When a line of the records below contains the string "amount", copy that whole line.
■ ■ ■ ■ ■ ■ ■
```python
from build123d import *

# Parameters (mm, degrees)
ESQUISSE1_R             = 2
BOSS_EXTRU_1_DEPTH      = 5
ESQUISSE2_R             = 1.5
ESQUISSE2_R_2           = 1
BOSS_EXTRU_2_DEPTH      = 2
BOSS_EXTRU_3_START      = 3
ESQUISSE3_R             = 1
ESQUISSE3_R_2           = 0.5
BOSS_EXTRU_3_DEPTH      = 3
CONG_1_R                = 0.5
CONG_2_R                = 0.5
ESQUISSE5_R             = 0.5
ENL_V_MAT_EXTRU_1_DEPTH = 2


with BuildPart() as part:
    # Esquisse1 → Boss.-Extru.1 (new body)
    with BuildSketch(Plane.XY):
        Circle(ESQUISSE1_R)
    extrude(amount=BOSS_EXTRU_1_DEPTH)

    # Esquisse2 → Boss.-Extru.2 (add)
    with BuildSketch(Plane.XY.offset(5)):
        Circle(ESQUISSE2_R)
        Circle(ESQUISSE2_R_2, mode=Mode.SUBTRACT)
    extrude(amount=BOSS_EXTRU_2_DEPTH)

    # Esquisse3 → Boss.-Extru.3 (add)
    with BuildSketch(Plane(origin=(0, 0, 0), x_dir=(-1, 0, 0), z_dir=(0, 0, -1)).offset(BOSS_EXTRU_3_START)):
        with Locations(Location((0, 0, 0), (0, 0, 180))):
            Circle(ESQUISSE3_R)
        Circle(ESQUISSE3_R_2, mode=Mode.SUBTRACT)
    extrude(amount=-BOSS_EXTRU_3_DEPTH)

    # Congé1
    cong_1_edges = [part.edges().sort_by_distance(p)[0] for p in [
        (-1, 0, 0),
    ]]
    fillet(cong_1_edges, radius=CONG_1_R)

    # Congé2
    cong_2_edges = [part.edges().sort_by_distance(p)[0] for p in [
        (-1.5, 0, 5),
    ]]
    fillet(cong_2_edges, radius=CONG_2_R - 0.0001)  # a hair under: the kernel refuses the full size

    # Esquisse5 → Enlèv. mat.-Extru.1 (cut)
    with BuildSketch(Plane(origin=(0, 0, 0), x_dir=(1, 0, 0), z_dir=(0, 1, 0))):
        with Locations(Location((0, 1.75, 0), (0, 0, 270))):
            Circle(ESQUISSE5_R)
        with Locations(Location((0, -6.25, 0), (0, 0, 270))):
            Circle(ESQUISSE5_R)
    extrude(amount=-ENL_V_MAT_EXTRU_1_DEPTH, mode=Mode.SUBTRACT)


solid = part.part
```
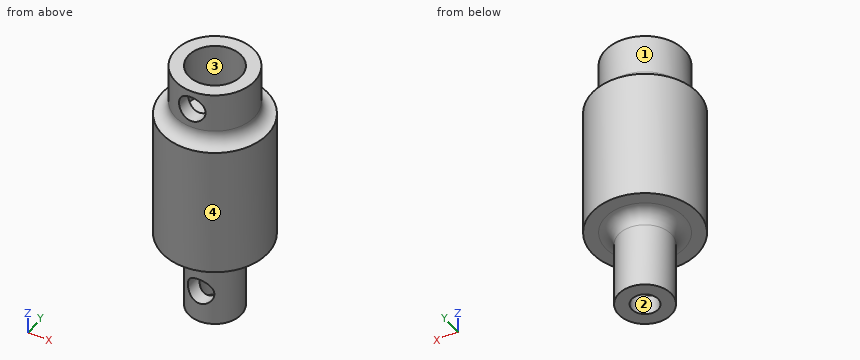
■ ■ ■ ■ ■ ■ ■
* _TASK ANSWER_
    extrude(amount=BOSS_EXTRU_1_DEPTH)
    extrude(amount=BOSS_EXTRU_2_DEPTH)
    extrude(amount=-BOSS_EXTRU_3_DEPTH)
    extrude(amount=-ENL_V_MAT_EXTRU_1_DEPTH, mode=Mode.SUBTRACT)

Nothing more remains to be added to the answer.